Along with this, we define a variable t4 of shape 4x4. The initializer is set to ones_initializer. That means, whenever we initialize the variable, its values will be set to 1. Note that this will happen only when we initialize the variable - not now.

  • Next, we can define the Tensor expression
exp = tf.assign(t4, tf.matmul(t1,t2) * t3 + t4)

This code takes a dot product of t1 and t2, multiplies it with the scalar t3 and then adds it to t4. The outcome of this is then assigned to t4. Thus, the value of t4 changes on every execution of this expression. Note that t3 is a placeholder, so we will have to provide the value of t3 when we want to process this expression.

Again, this code only defines the expression. It is not executed right away.

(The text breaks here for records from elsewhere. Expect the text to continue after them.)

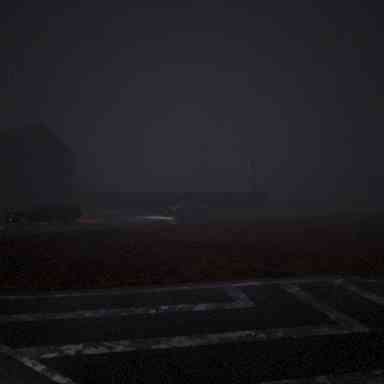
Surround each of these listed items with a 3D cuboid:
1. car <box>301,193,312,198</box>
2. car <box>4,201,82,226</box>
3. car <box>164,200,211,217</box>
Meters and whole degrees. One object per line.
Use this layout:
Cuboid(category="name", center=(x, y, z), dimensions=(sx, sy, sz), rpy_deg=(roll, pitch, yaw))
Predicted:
Cuboid(category="car", center=(30.069, 1.618, 86.810), dimensions=(2.242, 1.667, 4.611), rpy_deg=(0, 0, 35))
Cuboid(category="car", center=(-10.125, 1.426, 22.884), dimensions=(4.892, 1.490, 1.837), rpy_deg=(0, 0, -38))
Cuboid(category="car", center=(-0.365, 1.482, 30.527), dimensions=(4.674, 1.442, 1.812), rpy_deg=(1, 0, -37))
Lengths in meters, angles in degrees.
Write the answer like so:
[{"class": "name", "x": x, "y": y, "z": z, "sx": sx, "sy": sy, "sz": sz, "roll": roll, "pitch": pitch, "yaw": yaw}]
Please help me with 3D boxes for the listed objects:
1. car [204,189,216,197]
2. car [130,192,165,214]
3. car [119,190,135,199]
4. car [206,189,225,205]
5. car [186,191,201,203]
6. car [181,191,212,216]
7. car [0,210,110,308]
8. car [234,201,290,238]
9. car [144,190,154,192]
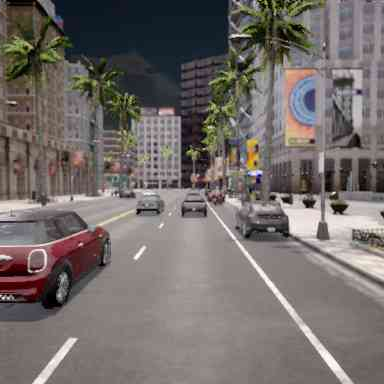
[{"class": "car", "x": 3.577, "y": 0.126, "z": 66.787, "sx": 2.161, "sy": 1.482, "sz": 4.786, "roll": 0, "pitch": 1, "yaw": 0}, {"class": "car", "x": -3.330, "y": 0.983, "z": 27.109, "sx": 2.033, "sy": 1.411, "sz": 5.357, "roll": 0, "pitch": 1, "yaw": 0}, {"class": "car", "x": -10.374, "y": 0.369, "z": 53.438, "sx": 1.882, "sy": 1.535, "sz": 5.008, "roll": 0, "pitch": 1, "yaw": 1}, {"class": "car", "x": 3.213, "y": 0.421, "z": 44.860, "sx": 2.185, "sy": 1.767, "sz": 4.553, "roll": 0, "pitch": 1, "yaw": 0}, {"class": "car", "x": 0.215, "y": 0.586, "z": 44.097, "sx": 1.837, "sy": 1.490, "sz": 4.892, "roll": 0, "pitch": 1, "yaw": 0}, {"class": "car", "x": 0.167, "y": 0.956, "z": 25.690, "sx": 2.128, "sy": 1.511, "sz": 4.902, "roll": 0, "pitch": 1, "yaw": 0}, {"class": "car", "x": -3.392, "y": 1.190, "z": 7.696, "sx": 2.097, "sy": 1.767, "sz": 4.553, "roll": 0, "pitch": 1, "yaw": 0}, {"class": "car", "x": 3.128, "y": 1.156, "z": 15.494, "sx": 2.231, "sy": 1.521, "sz": 4.892, "roll": 0, "pitch": 1, "yaw": 0}, {"class": "car", "x": -6.885, "y": 0.428, "z": 52.895, "sx": 1.812, "sy": 1.442, "sz": 4.674, "roll": 0, "pitch": 1, "yaw": 1}]
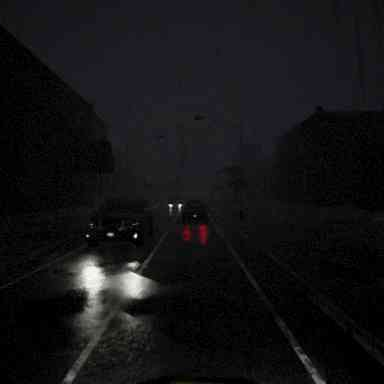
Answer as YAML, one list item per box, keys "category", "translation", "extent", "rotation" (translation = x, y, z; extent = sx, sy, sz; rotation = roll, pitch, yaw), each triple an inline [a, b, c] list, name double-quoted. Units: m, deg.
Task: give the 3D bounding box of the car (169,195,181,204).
- category: "car"
  translation: [-2.790, 1.361, 57.522]
  extent: [1.837, 1.490, 4.892]
  rotation: [-1, 0, 1]

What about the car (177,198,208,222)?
- category: "car"
  translation: [0.217, 1.479, 25.935]
  extent: [2.128, 1.511, 4.902]
  rotation: [0, 0, 0]

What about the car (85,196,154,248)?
- category: "car"
  translation: [-3.033, 1.225, 15.163]
  extent: [2.150, 2.045, 5.566]
  rotation: [0, 0, 0]
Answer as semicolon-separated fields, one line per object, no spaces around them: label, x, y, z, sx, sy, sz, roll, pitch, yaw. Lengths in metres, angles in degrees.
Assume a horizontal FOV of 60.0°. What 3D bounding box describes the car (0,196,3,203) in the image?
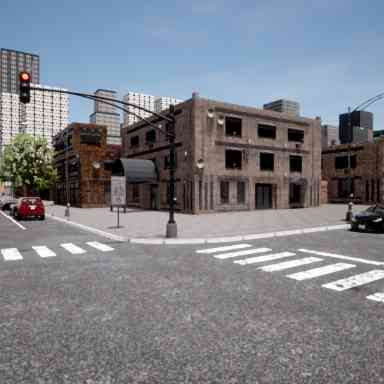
car;-40.741;1.615;69.506;1.752;1.417;4.829;0;0;-33

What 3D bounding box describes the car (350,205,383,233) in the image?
car;10.379;1.357;17.922;4.313;1.339;1.947;-1;1;-33

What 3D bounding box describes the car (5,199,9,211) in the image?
car;-16.584;1.586;32.286;1.947;1.339;4.313;0;0;-33

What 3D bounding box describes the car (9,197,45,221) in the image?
car;-13.575;1.330;27.651;2.192;1.841;5.009;0;0;-33

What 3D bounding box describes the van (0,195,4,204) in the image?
van;-37.640;1.418;64.729;1.690;1.788;3.998;0;0;-33

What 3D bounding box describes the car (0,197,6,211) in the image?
car;-22.600;1.597;41.556;1.947;1.339;4.313;0;0;-33
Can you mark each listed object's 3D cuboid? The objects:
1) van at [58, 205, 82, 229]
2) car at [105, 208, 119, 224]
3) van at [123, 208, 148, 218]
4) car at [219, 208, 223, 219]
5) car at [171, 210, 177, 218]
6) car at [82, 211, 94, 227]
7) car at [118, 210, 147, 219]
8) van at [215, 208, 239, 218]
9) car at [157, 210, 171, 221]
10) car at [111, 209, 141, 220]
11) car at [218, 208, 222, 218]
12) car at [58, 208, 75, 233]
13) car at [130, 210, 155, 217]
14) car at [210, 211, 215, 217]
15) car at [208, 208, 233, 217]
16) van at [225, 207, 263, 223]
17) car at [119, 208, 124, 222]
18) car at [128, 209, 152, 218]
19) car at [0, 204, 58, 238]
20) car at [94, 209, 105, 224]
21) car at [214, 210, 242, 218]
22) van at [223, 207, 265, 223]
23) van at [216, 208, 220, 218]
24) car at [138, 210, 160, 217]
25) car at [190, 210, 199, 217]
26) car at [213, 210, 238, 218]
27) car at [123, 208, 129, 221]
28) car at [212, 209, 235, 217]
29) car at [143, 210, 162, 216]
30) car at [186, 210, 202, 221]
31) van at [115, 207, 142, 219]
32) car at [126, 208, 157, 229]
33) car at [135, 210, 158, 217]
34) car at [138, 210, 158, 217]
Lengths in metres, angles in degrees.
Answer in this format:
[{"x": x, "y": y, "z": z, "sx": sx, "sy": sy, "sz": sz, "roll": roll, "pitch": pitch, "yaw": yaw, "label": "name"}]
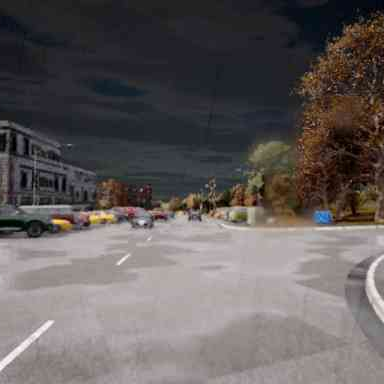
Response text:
[{"x": -11.204, "y": 2.054, "z": 26.039, "sx": 4.442, "sy": 1.987, "sz": 1.878, "roll": 0, "pitch": -3, "yaw": -20, "label": "van"}, {"x": -11.376, "y": 2.868, "z": 37.636, "sx": 5.366, "sy": 1.575, "sz": 1.946, "roll": 0, "pitch": -3, "yaw": -19, "label": "car"}, {"x": -10.838, "y": 4.036, "z": 64.117, "sx": 4.442, "sy": 1.987, "sz": 1.878, "roll": 0, "pitch": -4, "yaw": -19, "label": "van"}, {"x": 6.701, "y": 3.357, "z": 46.208, "sx": 4.674, "sy": 1.452, "sz": 2.002, "roll": 2, "pitch": -3, "yaw": -19, "label": "car"}, {"x": -4.520, "y": 4.358, "z": 65.484, "sx": 1.837, "sy": 1.490, "sz": 4.892, "roll": 0, "pitch": -3, "yaw": 1, "label": "car"}, {"x": -11.313, "y": 2.456, "z": 28.900, "sx": 4.792, "sy": 1.488, "sz": 2.163, "roll": 0, "pitch": -3, "yaw": -20, "label": "car"}, {"x": -10.965, "y": 4.101, "z": 61.132, "sx": 5.008, "sy": 1.535, "sz": 2.097, "roll": 0, "pitch": -3, "yaw": -19, "label": "car"}, {"x": 7.008, "y": 4.198, "z": 66.849, "sx": 4.442, "sy": 1.987, "sz": 1.878, "roll": 2, "pitch": -4, "yaw": -19, "label": "van"}, {"x": -4.731, "y": 3.626, "z": 49.997, "sx": 1.895, "sy": 1.301, "sz": 4.718, "roll": 0, "pitch": -3, "yaw": 1, "label": "car"}, {"x": -11.001, "y": 3.660, "z": 55.288, "sx": 4.553, "sy": 1.767, "sz": 2.185, "roll": 0, "pitch": -3, "yaw": -19, "label": "car"}, {"x": 6.728, "y": 3.511, "z": 49.149, "sx": 4.674, "sy": 1.452, "sz": 2.002, "roll": 2, "pitch": -3, "yaw": -19, "label": "car"}, {"x": -11.158, "y": 2.127, "z": 23.115, "sx": 5.366, "sy": 1.575, "sz": 1.946, "roll": 0, "pitch": -3, "yaw": -20, "label": "car"}, {"x": -10.863, "y": 4.748, "z": 72.848, "sx": 4.892, "sy": 1.521, "sz": 2.231, "roll": 0, "pitch": -4, "yaw": -19, "label": "car"}, {"x": 6.667, "y": 4.089, "z": 60.850, "sx": 5.366, "sy": 1.575, "sz": 1.946, "roll": 2, "pitch": -3, "yaw": -19, "label": "car"}, {"x": 7.021, "y": 4.986, "z": 81.491, "sx": 5.566, "sy": 2.045, "sz": 2.435, "roll": 2, "pitch": -3, "yaw": -19, "label": "car"}, {"x": 6.779, "y": 2.945, "z": 43.328, "sx": 4.442, "sy": 1.987, "sz": 1.878, "roll": 2, "pitch": -3, "yaw": -19, "label": "van"}, {"x": -11.140, "y": 3.052, "z": 40.633, "sx": 4.792, "sy": 1.488, "sz": 2.163, "roll": 0, "pitch": -3, "yaw": -19, "label": "car"}, {"x": -10.917, "y": 4.459, "z": 69.920, "sx": 4.553, "sy": 1.767, "sz": 2.185, "roll": 0, "pitch": -4, "yaw": -19, "label": "car"}, {"x": -11.330, "y": 1.732, "z": 20.142, "sx": 5.566, "sy": 2.045, "sz": 2.435, "roll": 0, "pitch": -3, "yaw": -20, "label": "car"}, {"x": -11.435, "y": 2.571, "z": 31.782, "sx": 5.366, "sy": 1.575, "sz": 1.946, "roll": 0, "pitch": -3, "yaw": -20, "label": "car"}, {"x": 6.862, "y": 4.258, "z": 63.853, "sx": 4.892, "sy": 1.521, "sz": 2.231, "roll": 2, "pitch": -4, "yaw": -19, "label": "car"}, {"x": 6.532, "y": 2.786, "z": 40.301, "sx": 4.442, "sy": 1.987, "sz": 1.878, "roll": 2, "pitch": -3, "yaw": -19, "label": "van"}, {"x": 6.650, "y": 3.397, "z": 52.061, "sx": 4.442, "sy": 1.987, "sz": 1.878, "roll": 2, "pitch": -3, "yaw": -19, "label": "van"}, {"x": -10.914, "y": 5.397, "z": 84.499, "sx": 5.366, "sy": 1.575, "sz": 1.946, "roll": 0, "pitch": -3, "yaw": -19, "label": "car"}, {"x": 0.619, "y": 5.125, "z": 78.811, "sx": 2.128, "sy": 1.511, "sz": 4.902, "roll": 0, "pitch": -3, "yaw": 1, "label": "car"}, {"x": 6.955, "y": 4.612, "z": 69.741, "sx": 4.792, "sy": 1.488, "sz": 2.163, "roll": 2, "pitch": -4, "yaw": -19, "label": "car"}, {"x": -11.136, "y": 3.174, "z": 43.557, "sx": 4.892, "sy": 1.521, "sz": 2.231, "roll": 0, "pitch": -3, "yaw": -19, "label": "car"}, {"x": 6.931, "y": 4.619, "z": 72.669, "sx": 4.553, "sy": 1.767, "sz": 2.185, "roll": 2, "pitch": -4, "yaw": -19, "label": "car"}, {"x": -10.691, "y": 5.730, "z": 90.425, "sx": 4.892, "sy": 1.521, "sz": 2.231, "roll": 0, "pitch": -4, "yaw": -19, "label": "car"}, {"x": 0.434, "y": 3.549, "z": 49.937, "sx": 1.812, "sy": 1.442, "sz": 4.674, "roll": 0, "pitch": -3, "yaw": 1, "label": "car"}, {"x": -11.111, "y": 3.717, "z": 58.173, "sx": 4.442, "sy": 1.987, "sz": 1.878, "roll": 0, "pitch": -3, "yaw": -19, "label": "van"}, {"x": -4.489, "y": 2.504, "z": 30.262, "sx": 2.128, "sy": 1.511, "sz": 4.902, "roll": 0, "pitch": -3, "yaw": -7, "label": "car"}, {"x": -10.809, "y": 5.076, "z": 78.712, "sx": 4.892, "sy": 1.521, "sz": 2.231, "roll": 0, "pitch": -4, "yaw": -20, "label": "car"}, {"x": -10.772, "y": 5.278, "z": 81.635, "sx": 4.674, "sy": 1.452, "sz": 2.002, "roll": 0, "pitch": -4, "yaw": -19, "label": "car"}]

  • With everything in place, we can now get the session and start working with the Tensors
with tf.Session() as sess:
    sess.run(tf.global_variables_initializer())
    print("Initialized variables\n----------------------------------------------")
    print(t4.eval())

    sess.run(exp, feed_dict = {t3:1})
    print("\nAfter First Run\n--------------------------------------------------")
    print(t4.eval())

    sess.run(exp, feed_dict = {t3:1})
    print("\nAfter Second Run\n-------------------------------------------------")
    print(t4.eval())

    sess.run(exp, feed_dict = {t3:1})
    print("\nAfter Third Run\n--------------------------------------------------")
    print(t4.eval())

Here, we actually run the code. We start with initiating the session. We have to initialize the variables. So far, t4 was just declared, not initialized. Here, we actually initialize it. The initialize code is executed. In this case, it happens to be "tf.ones_initializer". So, t4 starts as a 4x4 Tensor with all values set to 1.

Next, we run the expression along with the feed_dict. Remember that the expression has a placeholder t3. It will not evaluate unless we give it a value for t3. This value is passed through feed_dict. Each run updates t4 and assigns a new value to it.

The above code generates this output:

Initialized variables
----------------------------------------------
    [[1. 1. 1. 1.]
    [1. 1. 1. 1.]
    [1. 1. 1. 1.]
    [1. 1. 1. 1.]]

After First Run
--------------------------------------------------
    [[11.483105 10.39291  11.380319  9.601738]
    [11.483105 10.39291  11.380319  9.601738]
    [11.483105 10.39291  11.380319  9.601738]
    [11.483105 10.39291  11.380319  9.601738]]

After Second Run
-------------------------------------------------
    [[20.483215 16.11417  19.363663 15.015686]
    [20.483215 16.11417  19.363663 15.015686]
    [20.483215 16.11417  19.363663 15.015686]
    [20.483215 16.11417  19.363663 15.015686]]

After Third Run
--------------------------------------------------
    [[32.022038 26.227888 28.65984  23.72137 ]
    [32.022038 26.227888 28.65984  23.72137 ]
    [32.022038 26.227888 28.65984  23.72137 ]
    [32.022038 26.227888 28.65984  23.72137 ]]

One can evaluate the expression three times to assert the output is same as we expected.